No Obedience. For an opening appetizer, shrewd Manager Rudolf Bing (who will get a chance to demonstrate his shrewdness as manager of Manhattan’s Metropolitan Opera next year) served up one dish that is always good for a gander.

Able, splenetic Sir Thomas Beecham had once disdained the Scots as “damned fools to throw away £60,000 on a festival.” But on opening night, before a jammed audience in Usher Hall, he was right there, ready, and with Franck, Sibelius, Brahms and Berlioz, he put on as good a show as ever. When he waved the men of his Royal Philharmonic to their feet on the fourth curtain call, they sat still; he howled at them in mock fury, then turned to the delighted audience: “You have observed, ladies and gentlemen, that this orchestra has every sort of virtue but one—obedience.”

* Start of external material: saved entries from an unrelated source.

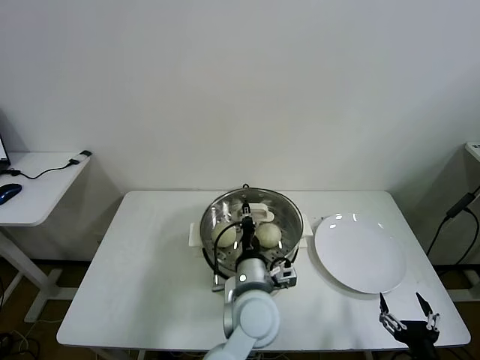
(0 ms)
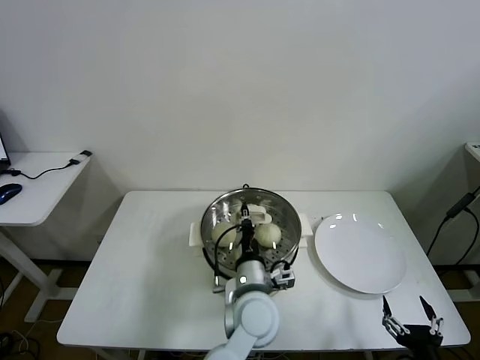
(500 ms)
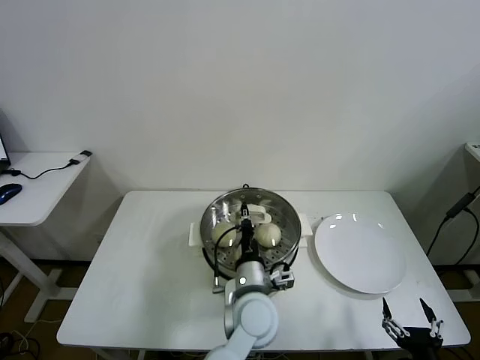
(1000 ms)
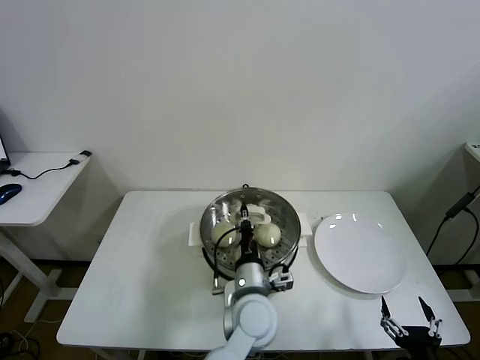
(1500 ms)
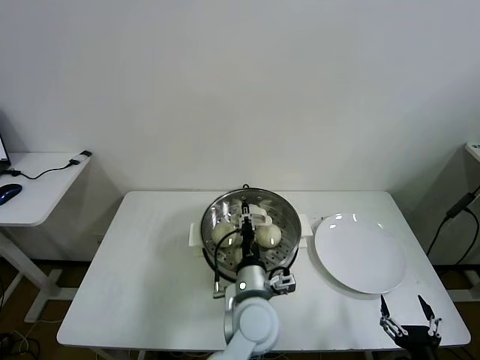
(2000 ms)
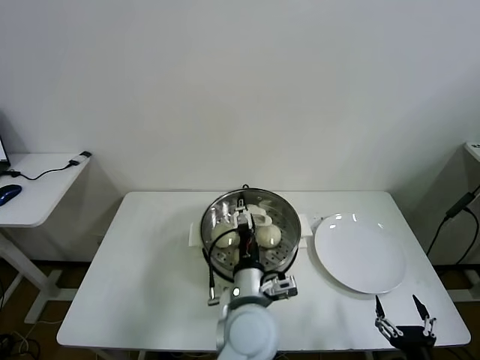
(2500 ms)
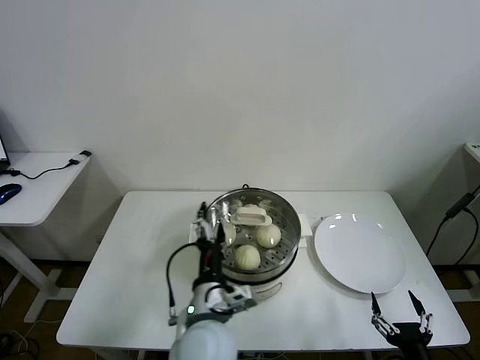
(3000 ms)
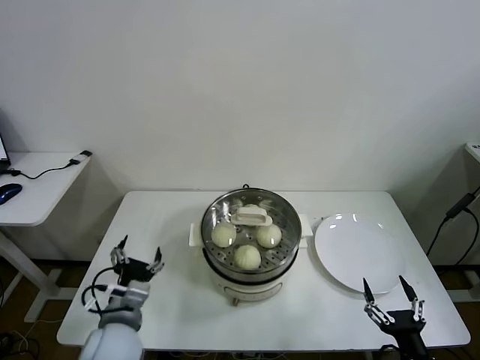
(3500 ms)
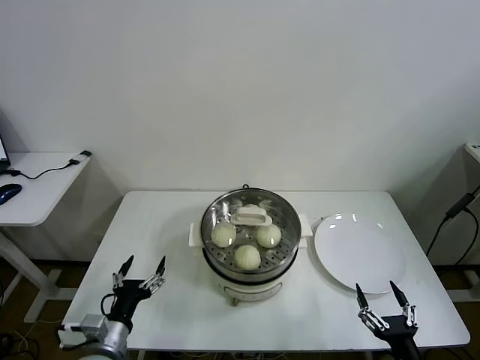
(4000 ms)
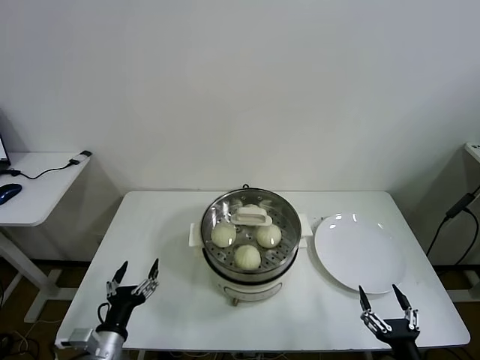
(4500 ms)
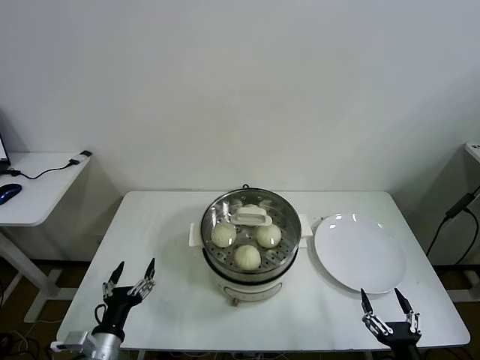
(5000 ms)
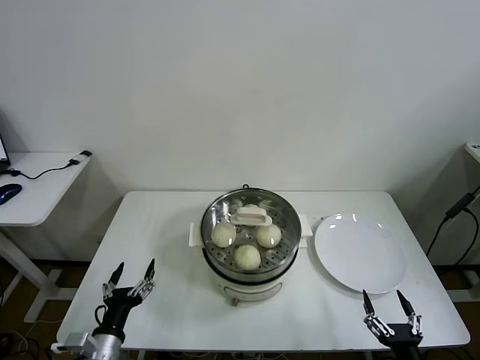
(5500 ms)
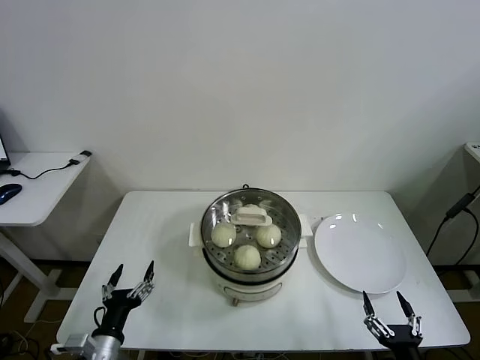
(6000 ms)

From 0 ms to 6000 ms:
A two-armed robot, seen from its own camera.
Task of the whole recording: take steamed baozi put them in steamer then cover it.
From 0 ms to 2000 ms: There are only small adjustments of the grippers.
From 2000 ms to 4000 ms: The left gripper heads to the left, covering roughly 30 cm, and opens.
From 4000 ms to 6000 ms: The grippers stay close to where they were, moving slightly.

No Stranger. Rudi Bing had other tempting dishes on his menu. While some visitors trudged through grey Edinburgh Castle and peered into ancient Holyrood House, others queued up for tickets for the Busch and Griller quartets and the festival favorite, The Three Estates (TIME, Sept. 20, 1948), the Glyndebourne operas (Mozart’s COST fan Tutte, Verdi’s A Masked Ball) were already sold out, except for the £2 seats, which were too expensive for the British.

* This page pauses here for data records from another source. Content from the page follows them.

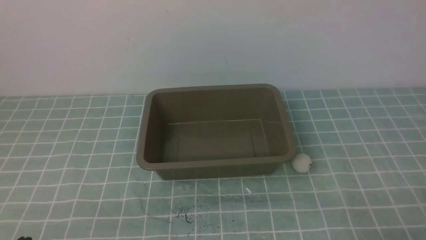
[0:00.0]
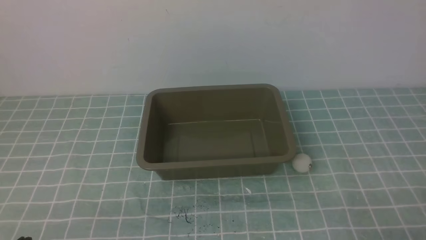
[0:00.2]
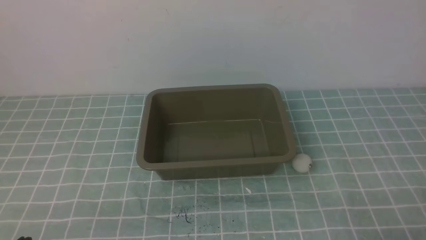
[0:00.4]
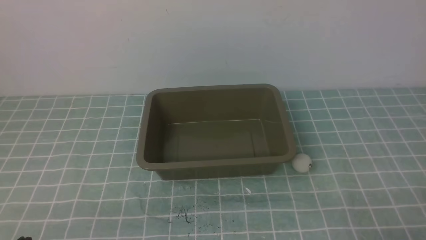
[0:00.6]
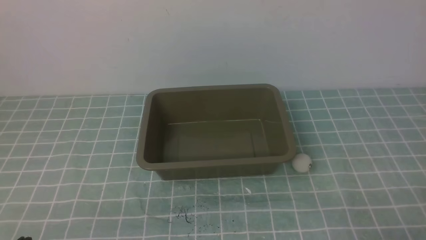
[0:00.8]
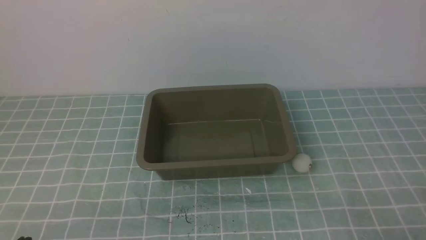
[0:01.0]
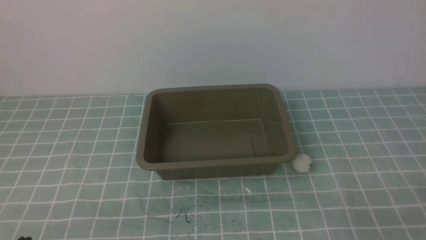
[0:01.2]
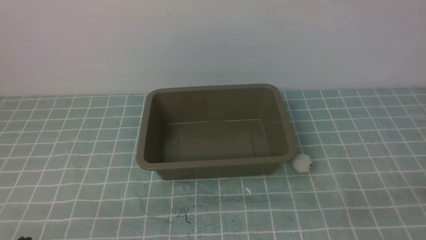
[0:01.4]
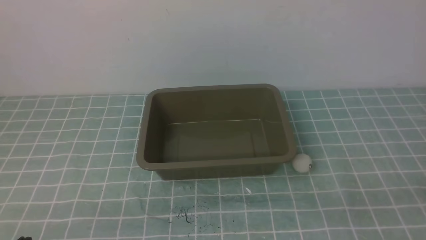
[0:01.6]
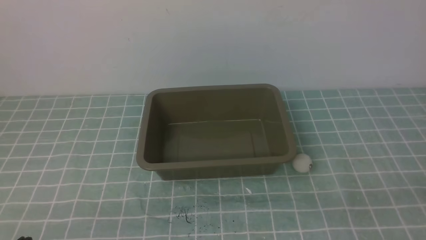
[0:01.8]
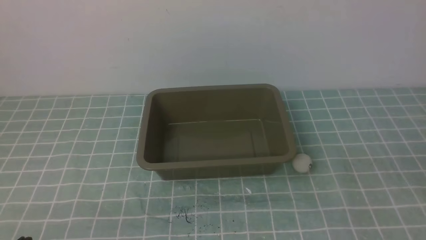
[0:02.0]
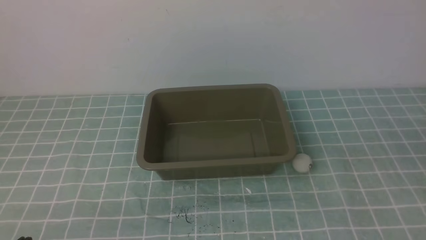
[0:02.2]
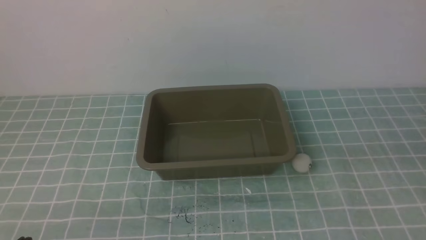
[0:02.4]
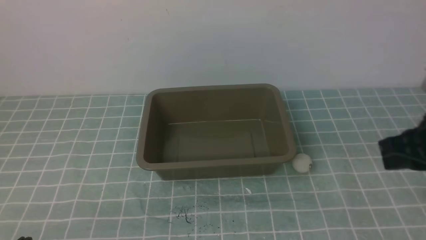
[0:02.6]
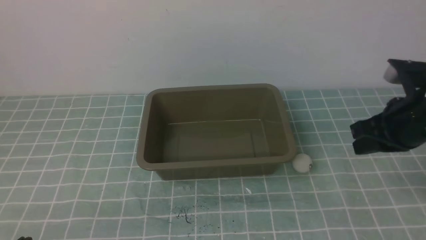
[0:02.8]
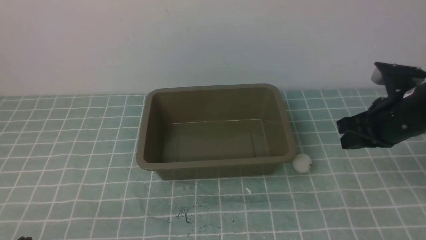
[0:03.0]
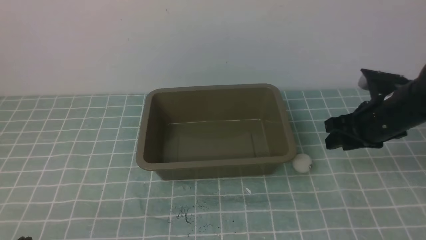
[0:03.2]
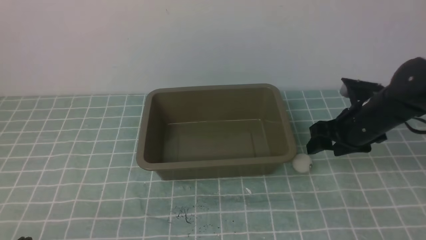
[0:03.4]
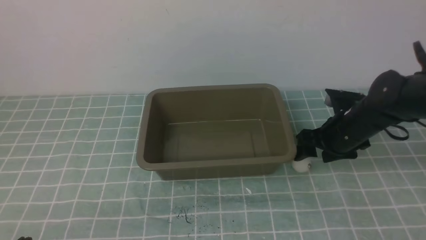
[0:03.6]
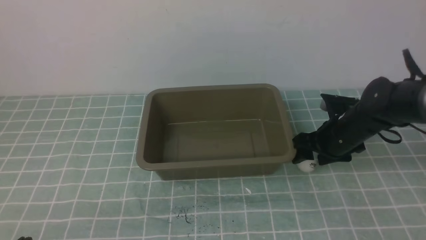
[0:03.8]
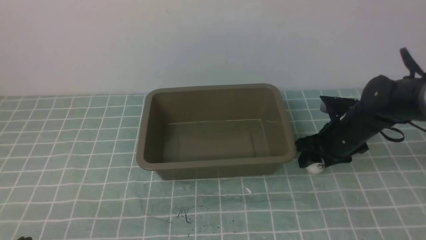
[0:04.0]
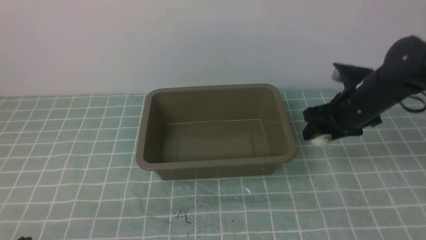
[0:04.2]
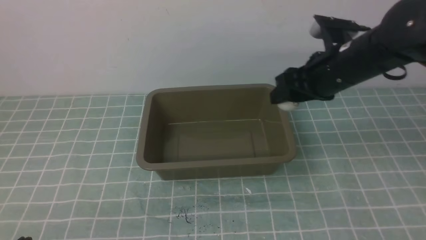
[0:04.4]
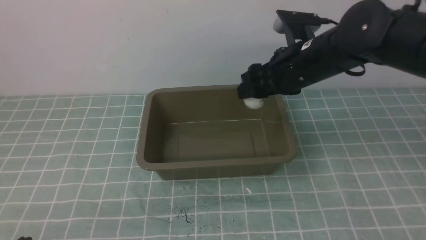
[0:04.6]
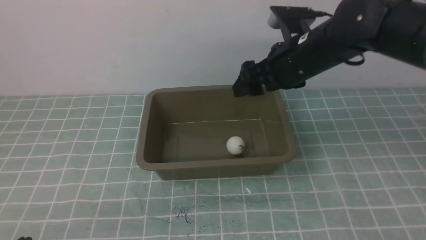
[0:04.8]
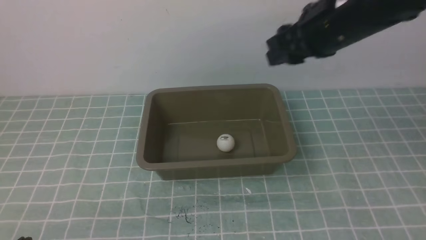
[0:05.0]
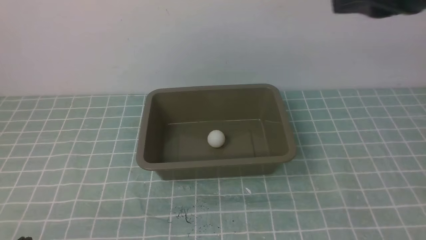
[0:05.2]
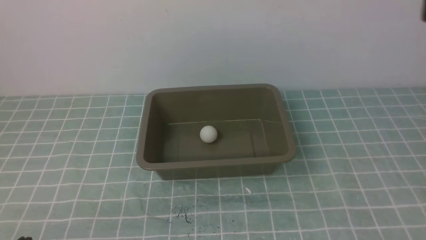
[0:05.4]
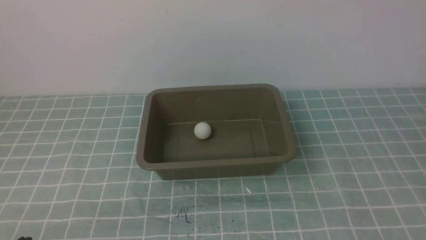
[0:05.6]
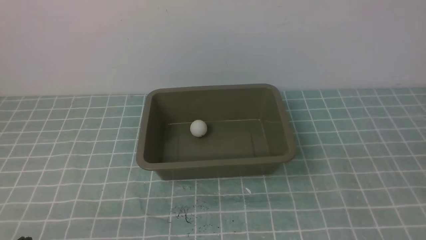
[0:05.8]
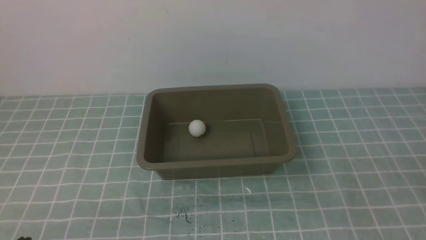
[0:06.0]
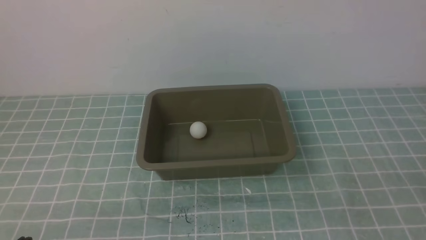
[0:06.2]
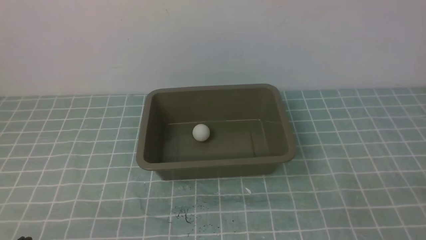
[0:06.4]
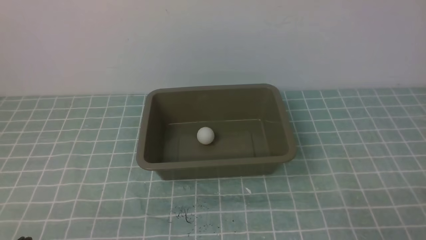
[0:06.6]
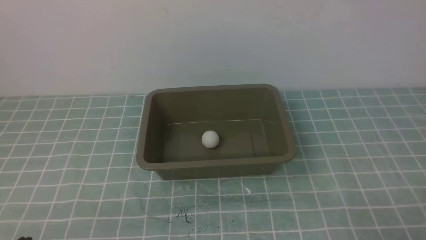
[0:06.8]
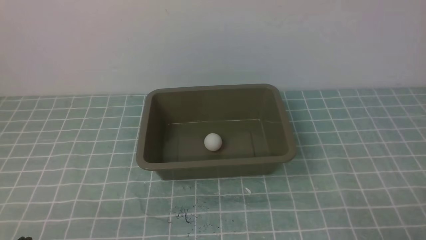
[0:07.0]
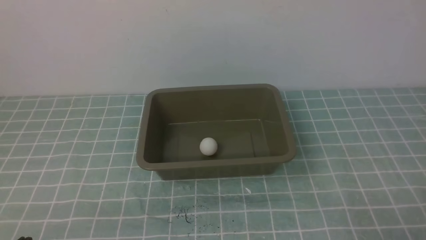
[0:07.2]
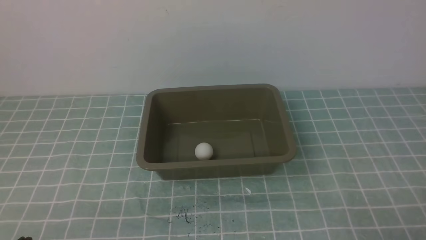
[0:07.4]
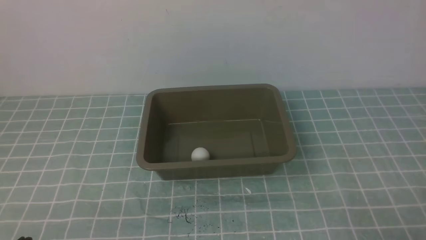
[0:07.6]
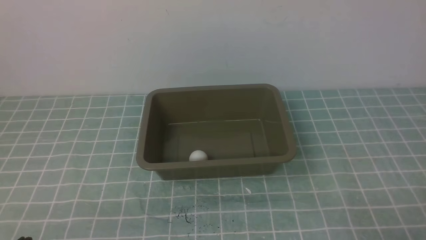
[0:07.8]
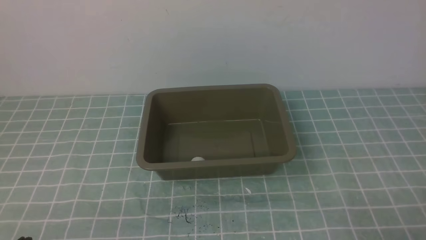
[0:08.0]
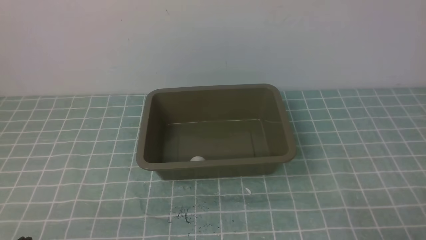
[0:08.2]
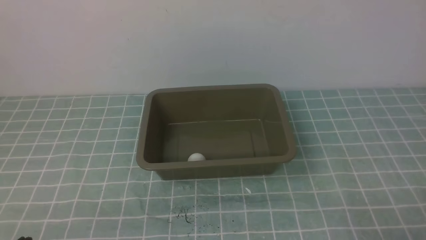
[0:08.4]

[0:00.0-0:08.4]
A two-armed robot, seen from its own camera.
Step, 0:00.0 to 0:04.0: use the right arm to clamp the table tennis ball closest to it.
Step, 0:04.4 to 0:04.6: use the right arm to put the table tennis ball into the box.
0:01.4 to 0:02.8: The right gripper shifts roughly 20 cm forward and upward.
0:02.8 to 0:04.2: The right gripper goes roughly 15 cm forward and downward, and opens its fingers.
0:04.2 to 0:05.6: The right gripper travels backward and upward by roughly 35 cm, and closes.
0:07.0 to 0:08.4: Both grippers stay about where they are.

Other eagerly awaited festival newcomers were Berlin’s famed Philharmonic and one of the men who would conduct it. Globe-trotting Eugene Goossens was no stranger to Britain;* he was born there, and had conducted many an opera, ballet and concert there over the years. But some festival visitors knew him more recently as the man who had led the Cincinnati Symphony for 16 years, then left the lush musical pastures of the U.S. two years ago to pioneer in the musical wilderness of Australia.

He had set out to make his Sydney Symphony Orchestra “one of the first five or six in the world.” He had succeeded, at least for Australian critics.

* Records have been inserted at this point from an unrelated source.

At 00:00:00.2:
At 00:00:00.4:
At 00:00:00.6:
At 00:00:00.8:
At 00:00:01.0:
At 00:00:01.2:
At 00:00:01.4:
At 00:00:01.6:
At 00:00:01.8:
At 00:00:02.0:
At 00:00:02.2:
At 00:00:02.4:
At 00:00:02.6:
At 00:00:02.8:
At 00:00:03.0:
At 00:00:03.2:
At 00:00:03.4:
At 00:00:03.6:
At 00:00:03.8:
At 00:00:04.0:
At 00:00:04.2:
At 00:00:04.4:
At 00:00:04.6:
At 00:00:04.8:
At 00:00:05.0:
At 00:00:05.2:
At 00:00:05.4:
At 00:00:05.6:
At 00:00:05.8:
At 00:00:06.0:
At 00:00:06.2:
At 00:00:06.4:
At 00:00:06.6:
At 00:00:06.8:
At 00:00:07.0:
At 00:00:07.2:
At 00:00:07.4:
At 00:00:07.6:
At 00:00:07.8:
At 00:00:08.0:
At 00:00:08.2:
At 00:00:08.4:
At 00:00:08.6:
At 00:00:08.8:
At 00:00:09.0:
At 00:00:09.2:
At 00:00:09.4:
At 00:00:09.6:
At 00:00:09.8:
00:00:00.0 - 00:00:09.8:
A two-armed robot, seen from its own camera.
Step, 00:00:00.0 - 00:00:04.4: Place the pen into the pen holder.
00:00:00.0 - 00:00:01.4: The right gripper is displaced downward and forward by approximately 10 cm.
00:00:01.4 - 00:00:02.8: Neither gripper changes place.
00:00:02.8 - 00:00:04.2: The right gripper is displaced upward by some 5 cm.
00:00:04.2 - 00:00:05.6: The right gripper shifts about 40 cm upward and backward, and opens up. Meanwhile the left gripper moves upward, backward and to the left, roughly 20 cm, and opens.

“Much Boomerang.” At week’s end, British critics found Goossens a man who “gives an impression of almost frightening efficiency,” although they found his Berliners, by comparison with Beecham’s Royal Philharmonic, slightly drab. Some found fault with his Mozart “Jupiter” (too dull). But after Roy Harris’ brassy Third Symphony and Goossens’ own Oboe Concerto (written for and played by his brother, the great oboist Leon Goossens), they had to admit that “the results [of his efficiency] certainly [were] confirmed a hundredfold.”

Biggest hit was a piece Goossens had brought with him, “a piece … for Australia to be proud of.” Concertgoers got a kick out of the program notes of John Antill’s ballet suite Corroboree (aborigine for get-together): “Much usage of boomerang, spear and fire sticks.” But its savage and original rhythms and percussive effects excited them to an ovation when it was over, though a member of the orchestra said, “From within, it sounds only like noise.”

*And no stranger to 20 of the Berlin Philharmonic’s older musicians; he had been the first foreigner to conduct them after World War I.